> **ACTIVITY**:
Where the word "change" appears in a line of the entries below, count that line and give the total alone.

> **LISTED RECORDS**:
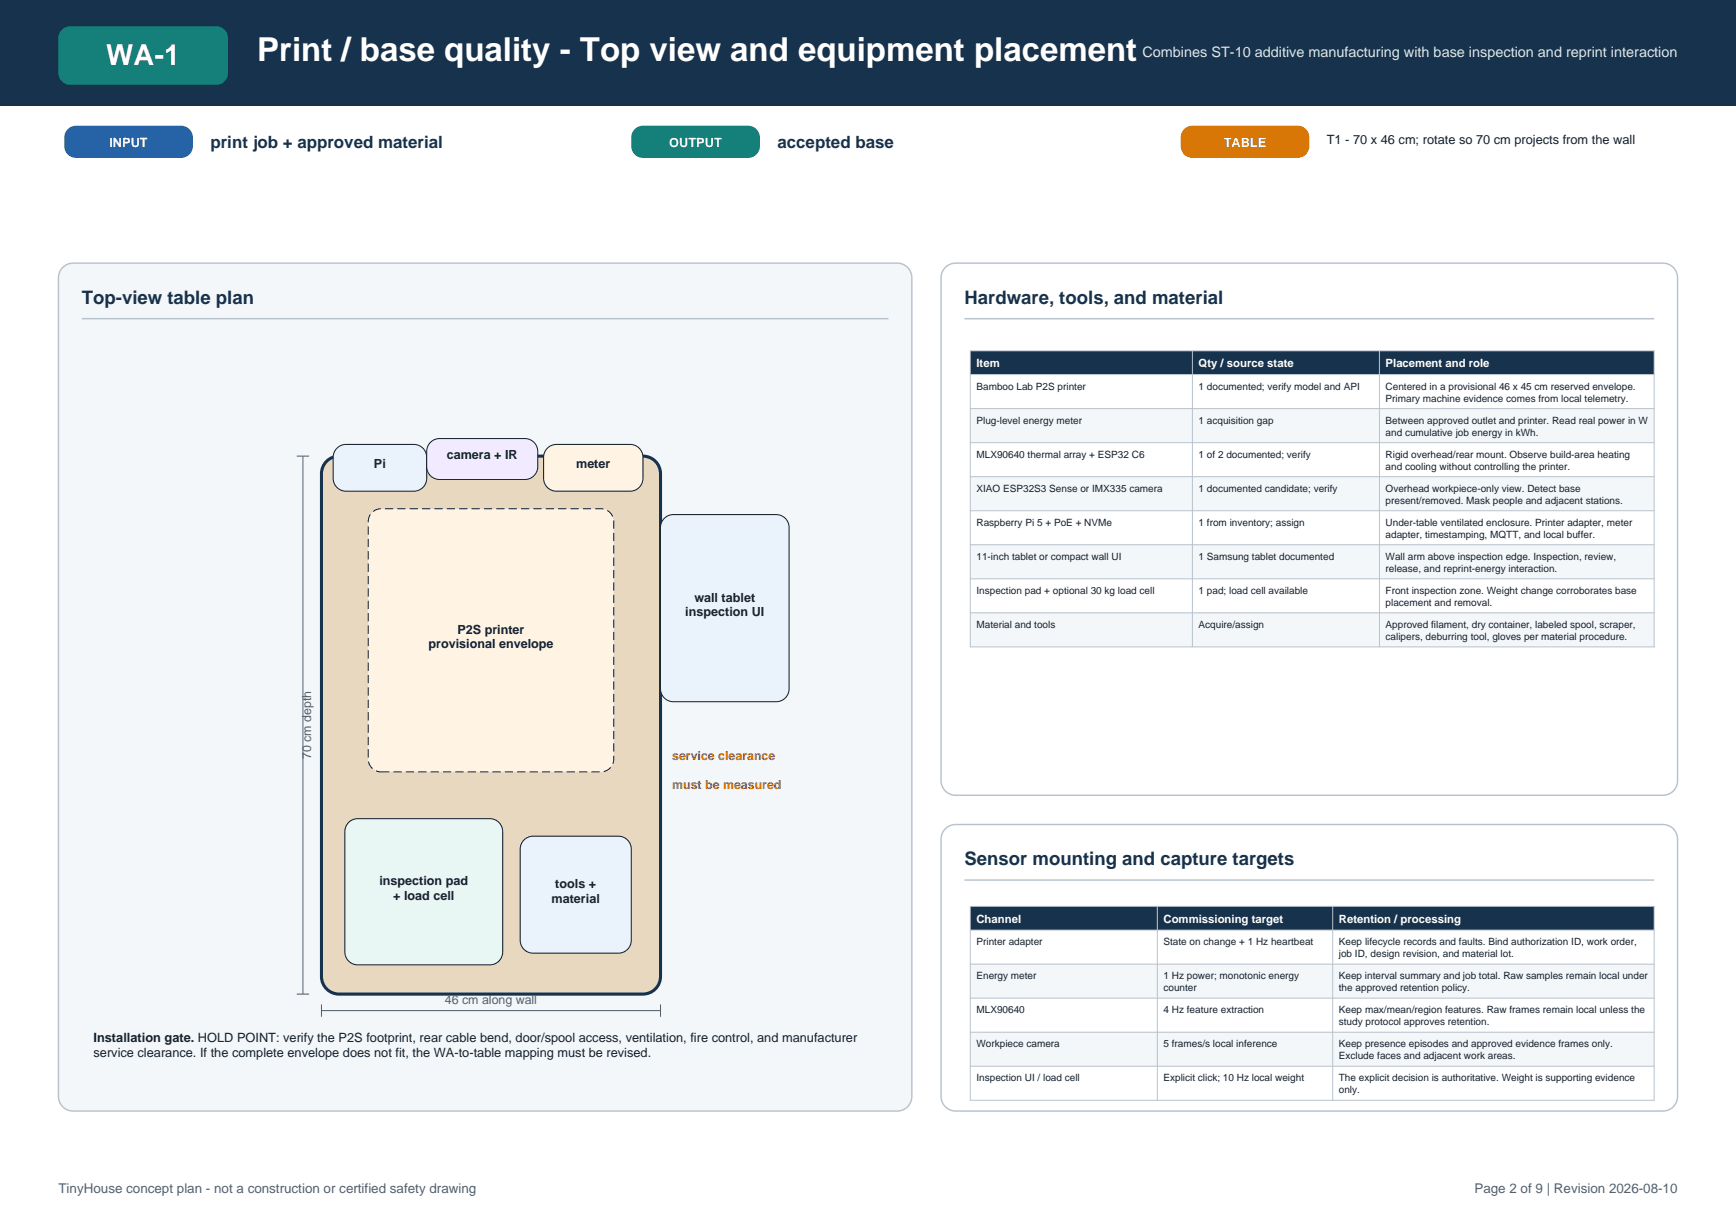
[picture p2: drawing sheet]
<svg xmlns="http://www.w3.org/2000/svg" width="297mm" height="210mm" viewBox="0 0 297 210" stroke-linecap="round" stroke-linejoin="round" font-family="sans-serif">
<defs><g id="words">
<text font-size="5.6" fill="#fff" x="44" y="10.5">Print / base quality - Top view and equipment placement</text>
<text font-size="4.9" fill="#fff" x="18.2" y="11.1">WA-1</text>
<g font-size="3.2" fill="#17324d">
<text x="14" y="52">Top-view table plan</text>
<text x="165" y="52">Hardware, tools, and material</text>
<text x="165" y="148">Sensor mounting and capture targets</text>
</g>
<g font-size="2.9" fill="#17324d">
<text x="36" y="25.4">print job + approved material</text>
<text x="133" y="25.4">accepted base</text>
</g>
<text font-size="2.5" fill="#d8e5f1" x="195.5" y="9.8">Combines ST-10 additive manufacturing with base inspection and reprint interaction</text>
<g font-size="2.3" fill="#53606c">
<text x="10" y="204">TinyHouse concept plan - not a construction or certified safety drawing</text>
<text x="252.2" y="204">Page 2 of 9 | Revision 2026-08-10</text>
</g>
<g font-size="2.2" fill="#fff">
<text x="18.7" y="25.2">INPUT</text>
<text x="114.5" y="25.2">OUTPUT</text>
<text x="209.4" y="25.2">TABLE</text>
</g>
<g font-size="2.2" fill="#17202a">
<text x="227" y="24.7">T1 - 70 x 46 cm; rotate so 70 cm projects from the wall</text>
<text x="64" y="80">Pi</text>
<text x="76.4" y="78.5">camera + IR</text>
<text x="98.6" y="80">meter</text>
<text x="117.2" y="105.3">inspection UI</text>
<text x="118.8" y="102.9">wall tablet</text>
<text x="73.3" y="110.8">provisional envelope</text>
<text x="78.3" y="108.4">P2S printer</text>
<text x="64.9" y="151.4">inspection pad</text>
<text x="67.3" y="153.8">+ load cell</text>
<text x="94.4" y="154.3">material</text>
<text x="95" y="151.9">tools +</text>
<text x="16" y="178.2">Installation gate. HOLD POINT: verify the P2S footprint, rear cable bend, door/spool access, ventilation, fire control, and manufacturer</text>
<text x="16" y="180.8">service clearance. If the complete envelope does not fit, the WA-to-table mapping must be revised.</text>
</g>
<g font-size="2.1" fill="#53606c">
<text x="53.2" y="129.8" transform="rotate(-90 53.2 129.8)">70 cm depth</text>
<text x="76.1" y="171.8">46 cm along wall</text>
</g>
<g font-size="2.1" fill="#b83232">
<text x="115" y="130">service clearance</text>
<text x="115" y="135">must be measured</text>
</g>
<g font-size="1.9" fill="#fff">
<text x="167.1" y="62.8">Item</text>
<text x="205.1" y="62.8">Qty / source state</text>
<text x="237.1" y="62.8">Placement and role</text>
<text x="167.1" y="157.8">Channel</text>
<text x="199.1" y="157.8">Commissioning target</text>
<text x="229.1" y="157.8">Retention / processing</text>
</g>
<g font-size="1.7" fill="#17202a">
<text x="167.1" y="66.6">Bamboo Lab P2S printer</text>
<text x="205.1" y="66.6">1 documented; verify model and API</text>
<text x="237.1" y="66.6">Centered in a provisional 46 x 45 cm reserved envelope.</text>
<text x="237.1" y="68.7">Primary machine evidence comes from local telemetry.</text>
<text x="167.1" y="72.5">Plug-level energy meter</text>
<text x="205.1" y="72.5">1 acquisition gap</text>
<text x="237.1" y="72.5">Between approved outlet and printer. Read real power in W</text>
<text x="237.1" y="74.5">and cumulative job energy in kWh.</text>
<text x="167.1" y="78.3">MLX90640 thermal array + ESP32 C6</text>
<text x="205.1" y="78.3">1 of 2 documented; verify</text>
<text x="237.1" y="78.3">Rigid overhead/rear mount. Observe build-area heating</text>
<text x="237.1" y="80.3">and cooling without controlling the printer.</text>
<text x="167.1" y="84.1">XIAO ESP32S3 Sense or IMX335 camera</text>
<text x="167.1" y="89.9">Raspberry Pi 5 + PoE + NVMe</text>
<text x="205.1" y="84.1">1 documented candidate; verify</text>
<text x="205.1" y="89.9">1 from inventory; assign</text>
<text x="237.1" y="84.1">Overhead workpiece-only view. Detect base</text>
<text x="237.1" y="86.1">present/removed. Mask people and adjacent stations.</text>
<text x="237.1" y="89.9">Under-table ventilated enclosure. Printer adapter, meter</text>
<text x="167.1" y="95.8">11-inch tablet or compact wall UI</text>
<text x="205.1" y="95.8">1 Samsung tablet documented</text>
<text x="237.1" y="92">adapter, timestamping, MQTT, and local buffer.</text>
<text x="237.1" y="95.8">Wall arm above inspection edge. Inspection, review,</text>
<text x="167.1" y="101.6">Inspection pad + optional 30 kg load cell</text>
<text x="205.1" y="101.6">1 pad; load cell available</text>
<text x="237.1" y="97.8">release, and reprint-energy interaction.</text>
<text x="237.1" y="101.6">Front inspection zone. Weight change corroborates base</text>
<text x="167.1" y="107.4">Material and tools</text>
<text x="205.1" y="107.4">Acquire/assign</text>
<text x="237.1" y="103.6">placement and removal.</text>
<text x="237.1" y="107.4">Approved filament, dry container, labeled spool, scraper,</text>
<text x="237.1" y="109.4">calipers, deburring tool, gloves per material procedure.</text>
<text x="167.1" y="161.6">Printer adapter</text>
<text x="199.1" y="161.6">State on change + 1 Hz heartbeat</text>
<text x="229.1" y="161.6">Keep lifecycle records and faults. Bind authorization ID, work order,</text>
<text x="167.1" y="167.5">Energy meter</text>
<text x="199.1" y="167.5">1 Hz power; monotonic energy</text>
<text x="229.1" y="163.7">job ID, design revision, and material lot.</text>
<text x="229.1" y="167.5">Keep interval summary and job total. Raw samples remain local under</text>
<text x="167.1" y="173.3">MLX90640</text>
<text x="199.1" y="169.5">counter</text>
<text x="199.1" y="173.3">4 Hz feature extraction</text>
<text x="229.1" y="169.5">the approved retention policy.</text>
<text x="229.1" y="173.3">Keep max/mean/region features. Raw frames remain local unless the</text>
<text x="167.1" y="179.1">Workpiece camera</text>
<text x="199.1" y="179.1">5 frames/s local inference</text>
<text x="229.1" y="175.3">study protocol approves retention.</text>
<text x="229.1" y="179.1">Keep presence episodes and approved evidence frames only.</text>
<text x="167.1" y="184.9">Inspection UI / load cell</text>
<text x="199.1" y="184.9">Explicit click; 10 Hz local weight</text>
<text x="229.1" y="181.1">Exclude faces and adjacent work areas.</text>
<text x="229.1" y="184.9">The explicit decision is authoritative. Weight is supporting evidence</text>
<text x="229.1" y="187">only.</text>
</g>
</g></defs>
<path d="M0 0h297v18h-297z" fill-rule="evenodd" fill="#17324d"/>
<path d="M10.6 5.1l.9-.5 .5-.1h25a2 2 0 0 1 2 2v6a2 2 0 0 1-2 2h-25a2 2 0 0 1-2-2v-6l.1-.5z" fill-rule="evenodd" fill="#15807a"/>
<path d="M11.6 22.1l.9-.5 .5-.1h18a2 2 0 0 1 2 2 3.1 3.1 0 0 1-.6 2.9l-.9 .5-.5 .1h-18a2 2 0 0 1-2-2 3.1 3.1 0 0 1 .6-2.9z" fill-rule="evenodd" fill="#2563a6"/>
<path d="M108.6 22.1l.9-.5 .5-.1h18a2 2 0 0 1 2 2 3.1 3.1 0 0 1-.6 2.9l-.9 .5-.5 .1h-18a2 2 0 0 1-2-2 3.1 3.1 0 0 1 .6-2.9z" fill-rule="evenodd" fill="#15807a"/>
<path d="M202.6 22.1l.9-.5 .5-.1h18a2 2 0 0 1 2 2 3.1 3.1 0 0 1-.6 2.9l-.9 .5-.5 .1h-18a2 2 0 0 1-2-2 3.1 3.1 0 0 1 .6-2.9z" fill-rule="evenodd" fill="#d97706"/>
<path d="M10.5 45.9a2.49 2.49 0 0 1 2-.9h141a2.5 2.5 0 0 1 2.5 2.5v140a2.5 2.5 0 0 1-2.5 2.5h-141a2.5 2.5 0 0 1-2.5-2.5v-140l.1-.6z" fill-rule="evenodd" fill="#f4f7fa" stroke="#b8c2cc" stroke-width=".25"/>
<path d="M14 54.5h138" fill="none" stroke="#b8c2cc" stroke-width=".25"/>
<path d="M55.7 79.1a2.99 2.99 0 0 1 2.3-1.1h52a3 3 0 0 1 3 3v86a3 3 0 0 1-3 3h-52a3 3 0 0 1-3-3v-86l.1-.7z" fill-rule="evenodd" fill="#e7d8bf" stroke="#17324d" stroke-width=".53"/>
<path d="M50.8 78h2.1M51.8 78v92M50.8 170h2.1M55 172.8h58M55 171.8v2.1M113 171.8v2.1" fill="none" stroke="#53606c" stroke-width=".18"/>
<path d="M63.6 87.6l1-.5 .6-.1h37.6a2.2 2.2 0 0 1 2.2 2.2v40.6a2.2 2.2 0 0 1-2.2 2.2h-37.6a2.2 2.2 0 0 1-2.2-2.2v-40.6l.1-.6z" fill-rule="evenodd" fill="#fff3e3" stroke="#17202a" stroke-width=".18" stroke-dasharray="1.4 .7" stroke-linecap="butt"/>
<path d="M59.6 140.6l1-.5 .6-.1h22.6a2.2 2.2 0 0 1 2.2 2.2v20.6a2.2 2.2 0 0 1-2.2 2.2h-22.6a2.2 2.2 0 0 1-2.2-2.2v-20.6l.1-.6z" fill-rule="evenodd" fill="#e8f6f4" stroke="#17202a" stroke-width=".18"/>
<g fill="#eaf2fb" stroke="#17202a" stroke-width=".18">
<path d="M89.6 143.6l1-.5 .6-.1h14.6a2.2 2.2 0 0 1 2.2 2.2v15.6a2.2 2.2 0 0 1-2.2 2.2h-14.6a2.2 2.2 0 0 1-2.2-2.2v-15.6l.1-.6z" fill-rule="evenodd"/>
<path d="M57.6 76.6l1-.5 .6-.1h11.6a2.2 2.2 0 0 1 2.2 2.2v3.6a2.2 2.2 0 0 1-2.2 2.2h-11.6a2.2 2.2 0 0 1-2.2-2.2v-3.6l.1-.6z" fill-rule="evenodd"/>
</g>
<path d="M93.6 76.6l1-.5 .6-.1h12.6a2.2 2.2 0 0 1 2.2 2.2v3.6a2.2 2.2 0 0 1-2.2 2.2h-12.6a2.2 2.2 0 0 1-2.2-2.2v-3.6l.1-.6z" fill-rule="evenodd" fill="#fff3e3" stroke="#17202a" stroke-width=".18"/>
<path d="M73.6 75.6l1-.5 .6-.1h14.6a2.2 2.2 0 0 1 2.2 2.2v2.6a2.2 2.2 0 0 1-2.2 2.2h-14.6a2.2 2.2 0 0 1-2.2-2.2l.1-3.2z" fill-rule="evenodd" fill="#f2eafe" stroke="#17202a" stroke-width=".18"/>
<path d="M113.6 88.6l1-.5 .6-.1h17.6a2.2 2.2 0 0 1 2.2 2.2v27.6a2.2 2.2 0 0 1-2.2 2.2h-17.6a2.2 2.2 0 0 1-2.2-2.2v-27.6l.1-.6z" fill-rule="evenodd" fill="#eaf2fb" stroke="#17202a" stroke-width=".18"/>
<path d="M161.5 45.9a2.49 2.49 0 0 1 2-.9h121a2.5 2.5 0 0 1 2.5 2.5v86a2.5 2.5 0 0 1-2.5 2.5h-121a2.5 2.5 0 0 1-2.5-2.5v-86l.1-.6z" fill-rule="evenodd" fill="#fff" stroke="#b8c2cc" stroke-width=".25"/>
<path d="M165 54.5h118" fill="none" stroke="#b8c2cc" stroke-width=".25"/>
<path d="M166 60h117v4.1h-117z" fill-rule="evenodd" fill="#17324d"/>
<path d="M166 64.1h117v5.8h-117z" fill-rule="evenodd" fill="#fff"/>
<path d="M166 69.9h117v5.8h-117z" fill-rule="evenodd" fill="#f4f7fa"/>
<path d="M166 75.7h117v5.8h-117z" fill-rule="evenodd" fill="#fff"/>
<path d="M166 81.5h117v5.8h-117z" fill-rule="evenodd" fill="#f4f7fa"/>
<path d="M166 87.3h117v5.9h-117z" fill-rule="evenodd" fill="#fff"/>
<path d="M166 93.2h117v5.8h-117z" fill-rule="evenodd" fill="#f4f7fa"/>
<path d="M166 99h117v5.8h-117z" fill-rule="evenodd" fill="#fff"/>
<path d="M166 104.8h117v5.8h-117z" fill-rule="evenodd" fill="#f4f7fa"/>
<path d="M166 60h117v50.6h-117zM204 60v50.6M236 60v50.6M166 64.1h117M166 69.9h117M166 75.7h117M166 81.5h117M166 87.3h117M166 93.2h117M166 99h117M166 104.8h117" fill="none" stroke="#b8c2cc" stroke-width=".17"/>
<path d="M161.9 141.5l1-.4 .6-.1h121a2.5 2.5 0 0 1 2.5 2.5v44a2.5 2.5 0 0 1-2.5 2.5h-121a2.5 2.5 0 0 1-2.5-2.5v-44a2.49 2.49 0 0 1 .9-2z" fill-rule="evenodd" fill="#fff" stroke="#b8c2cc" stroke-width=".25"/>
<path d="M165 150.5h118" fill="none" stroke="#b8c2cc" stroke-width=".25"/>
<path d="M166 155h117v4.1h-117z" fill-rule="evenodd" fill="#17324d"/>
<path d="M166 159.1h117v5.8h-117z" fill-rule="evenodd" fill="#fff"/>
<path d="M166 164.9h117v5.8h-117z" fill-rule="evenodd" fill="#f4f7fa"/>
<path d="M166 170.7h117v5.8h-117z" fill-rule="evenodd" fill="#fff"/>
<path d="M166 176.5h117v5.8h-117z" fill-rule="evenodd" fill="#f4f7fa"/>
<path d="M166 182.3h117v5.9h-117z" fill-rule="evenodd" fill="#fff"/>
<path d="M166 155h117v33.2h-117zM166 159.1h117M198 155v33.2M228 155v33.2M166 164.9h117M166 170.7h117M166 176.5h117M166 182.3h117" fill="none" stroke="#b8c2cc" stroke-width=".17"/>
<use href="#words"/>
</svg>

> **RESPONSE FOR THIS EXERCISE**:
2